The numbers of this very rare butterfly are low because of the isolation of its populations, the loss of habitats and its unusual life cycle. The adults lay their eggs only on the Sweet Bursaria plant, on which the caterpillars depend for their food. In their nocturnal foraging, they are accompanied by Notoncus ants, which feed on sugar secretions on the caterpillars’ skins. In return, the ants protect the caterpillars from insect predators.

The Pauline Toner reserve is named after Victoria’s first woman cabinet minister, who was an active campaigner for the butterfly. Volunteers carry out conservation work, such as revegetation, protection of habitat and track management, with financial support from Victoria’s Department of Sustainability and the Environment.

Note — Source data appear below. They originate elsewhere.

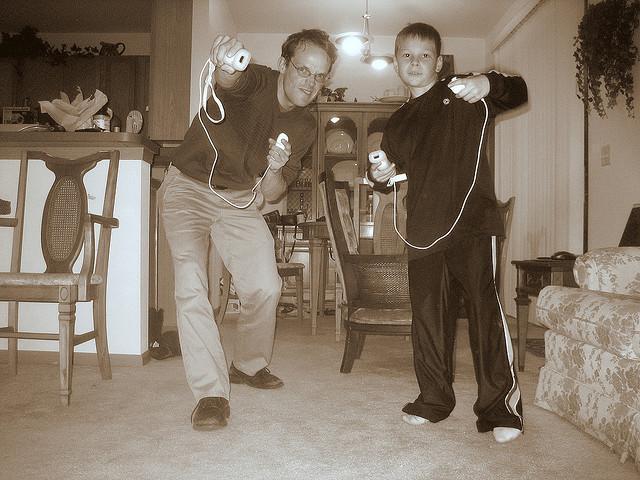How many stools are there?
Give a very brief answer. 0. How many chairs are there?
Give a very brief answer. 3. How many people are visible?
Give a very brief answer. 2. 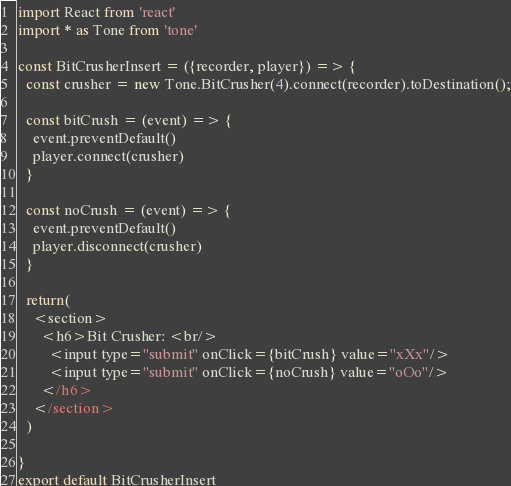<code> <loc_0><loc_0><loc_500><loc_500><_JavaScript_>import React from 'react'
import * as Tone from 'tone'

const BitCrusherInsert = ({recorder, player}) => {
  const crusher = new Tone.BitCrusher(4).connect(recorder).toDestination();

  const bitCrush = (event) => {
    event.preventDefault()
    player.connect(crusher)
  }

  const noCrush = (event) => {
    event.preventDefault()
    player.disconnect(crusher)
  }

  return(
    <section>
      <h6>Bit Crusher: <br/>
        <input type="submit" onClick={bitCrush} value="xXx"/>
        <input type="submit" onClick={noCrush} value="oOo"/>
      </h6>
    </section>
  )

}
export default BitCrusherInsert</code> 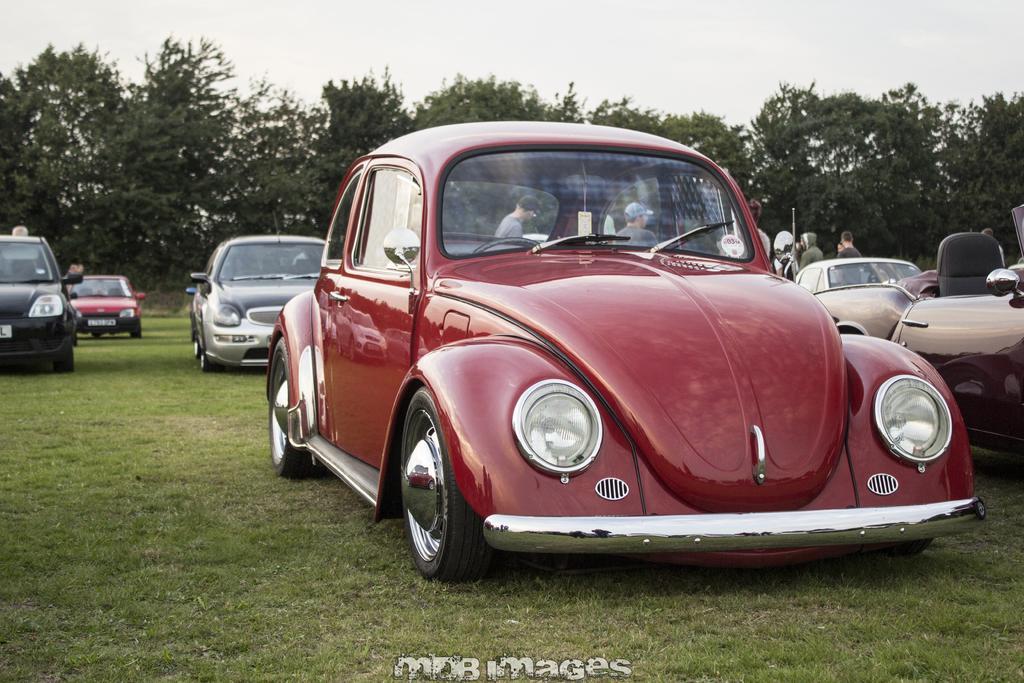Can you describe this image briefly? In this image, we can see some cars. There are trees in the middle of the image. There is a sky at the top of the image.

As everywhere in Australia, the Aboriginal names have been overlaid with later appellations that reflect the origins of the European settlers. So the Yarra snakes its way between the suburbs of Doncaster and Heidelberg, and past an almost unbroken series of parks and reserves, before it comes to the Yarra Bend Park, where a unique and highly successful experiment has been carried out.

image003  Flying foxes on the Yarra River

For two decades, fruit bats, also known as flying foxes, inhabited the Royal Botanical Gardens in the centre of Melbourne. As their numbers approached 30 000, the damage they did to the trees became devastating. As the species, on a national scale is threatened, culling was not an option. Relocation was the only solution. In an operation that was the first of its kind in the world, the bats were moved to a site at Horseshoe Bend, farther up the Yarra. When they tried to return, or invade nearby residential gardens, they were subjected to noises which drove them back. Over a six-month period, they moved five kilometres downstream and eventually settled at Yarra Bend.

An area of 26 hectares has now been allocated as a flying fox reserve, and the vegetation there will be continually regenerated until it, and the bats reach a sustainable level. An almost identical problem has arisen in Sydney, so the pioneering work in Melbourne is now being seen as offering a possible solution.